Georges took a long swallow of his drink and set it down on the counter, where he stared at it for a moment before he answered. “No,” he said. “Come on. Let's go to bed.”
6:30 AM
Thursday 9 November, 2062
Bloor Street
Toronto, Ontario
Elspeth's skin was soft as brushed cotton, the curve of her hip fitting the palm of his hand as if made to go there. She leaned forward, stretched as luxuriantly as a cat, and spread her weight across his chest. “Ow,” she said, as he reached to pull the covers over her shoulders.
“Ow?”
“Bit my lip.”
It was still barely dawn outside the window, but he heard the smile in her voice. “I could kiss it better.”
She laughed like a much younger woman. “You're welcome to. How's Jenny doing?”
He let that hand slide up her waist, across her back. Considered the complexity of emotions that touch raised in him, the softness of her flesh, the cleverness in her hips and wit and fingers. I could find myself in an awful lot of trouble if I'm not careful here. “Better than I expected. If you're asking—”
She shivered at the touch, pressing her body against his. “Gabe, you couldn't hide that if you wanted to. Trust me, everybody east of Lake Superior has it figured out: you touch her and she just about glows.”
“I don't want to hurt you, Ellie.”
A deeper shiver. “Would it help if I told you I wouldn't let you?”
“Would you be lying?” Water ran in the bathroom, Genie's door banging open to the accompaniment of Leah's sleepy complaints. He would have thought the girls would be begging to stay home from school. I wonder if it's a plot. Then he chuckled softly. They're becoming teenagers. Everything is a plot.
“Gabe.” Her small hand on his face. Toes curling beside his thighs, she lifted herself and shifted her weight, slid to the side to lie curled in the crook of his arm. Her hair was wiry, dark as a black sheep's wool — and falling straight tonight. It had been like rivers of black water in his hands. She must have ironed it before he and Jenny got home. “I don't know. I was never good at commitments. Or risks. And this is complicated, and — I figured I was going to spend the rest of my life in a box. You decide to let go of things.”
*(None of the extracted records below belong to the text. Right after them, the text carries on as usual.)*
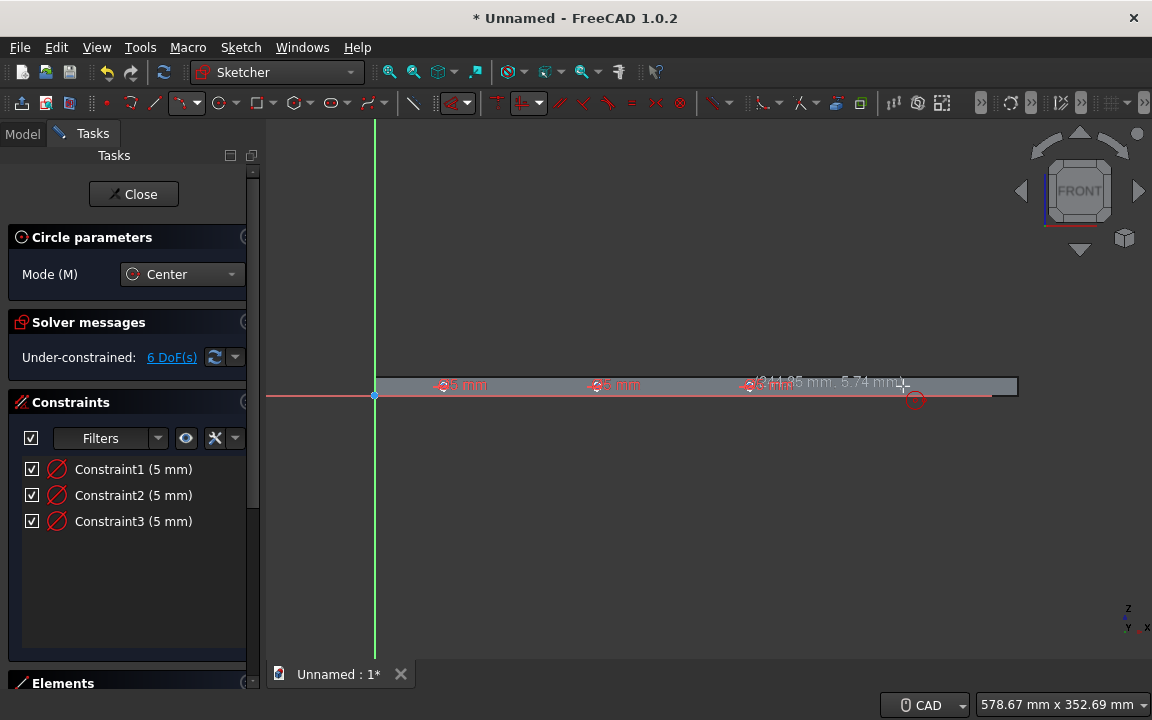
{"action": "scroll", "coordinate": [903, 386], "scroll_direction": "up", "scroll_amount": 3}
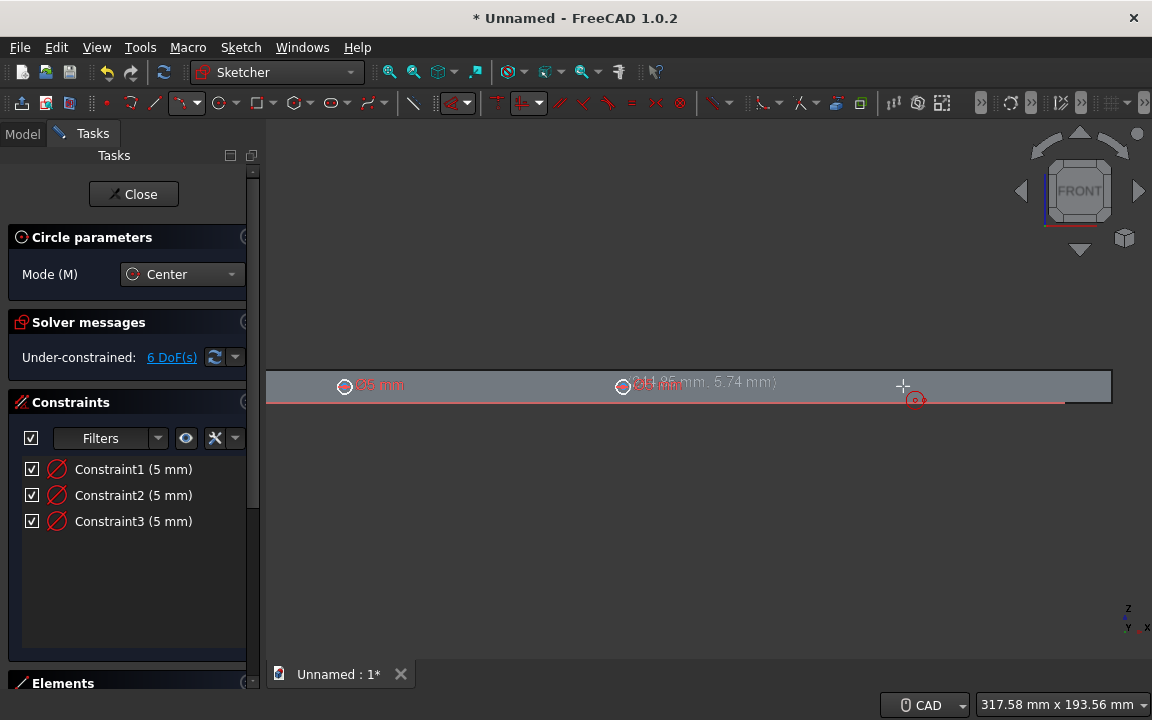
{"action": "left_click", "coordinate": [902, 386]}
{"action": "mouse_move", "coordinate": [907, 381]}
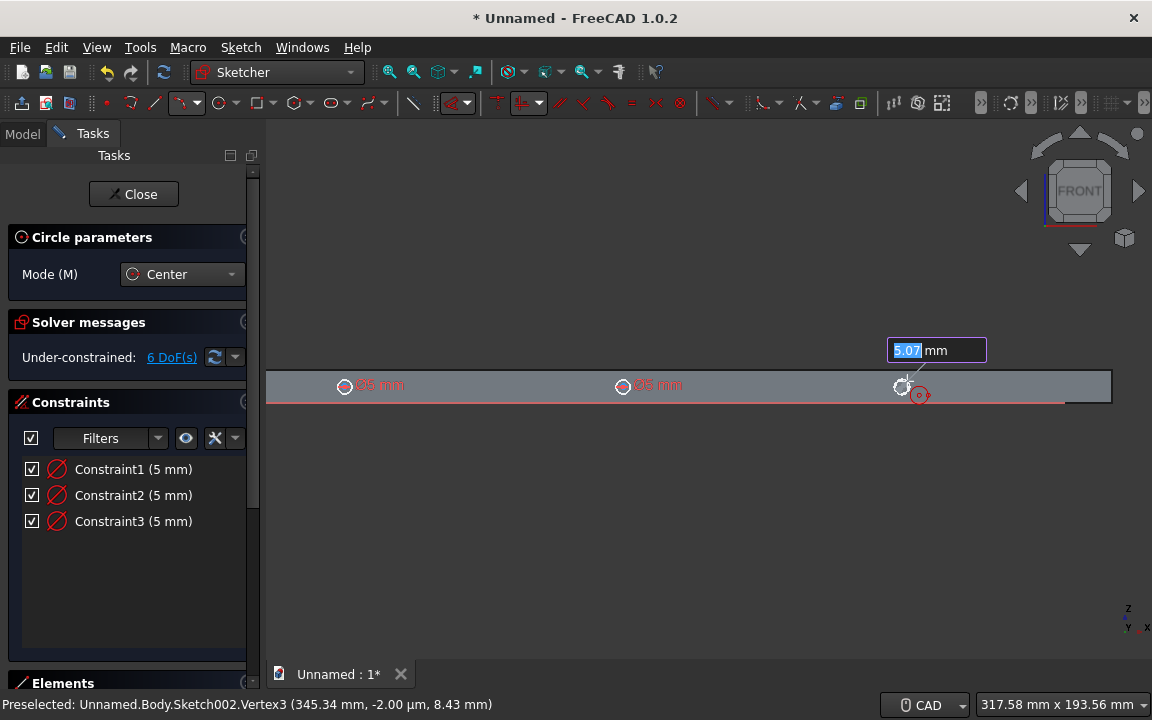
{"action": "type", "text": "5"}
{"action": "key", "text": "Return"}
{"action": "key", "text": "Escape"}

What would you do if you had to choose? He wasn't ready to answer that, but it led him to an easier question. “Ellie. Do you think this can work?”
She chuckled and rubbed her cheek against his shoulder. “My official medical opinion?”
“Yeah.”
“You never know until you try.” The shower cut off. A door opened. Water started running again. “You should have gotten a two-bath apartment. Have you thought about what you're going to tell the girls?”
He groaned. “The doctor believes it would be nonconstructive to just pretend there's nothing going on.”
She bit. “She seemed unhappy when she left.”
“Leah?”
“Jenny.”
“No, she didn't seem happy.” And that was half the tightness in his chest right there. “She seemed scared.”
“Call her.”
“What if she wants to be left alone?”
Elspeth raised her head from his shoulder, rising light catching in the gold-green bands of her irises. “Then she won't answer the phone.”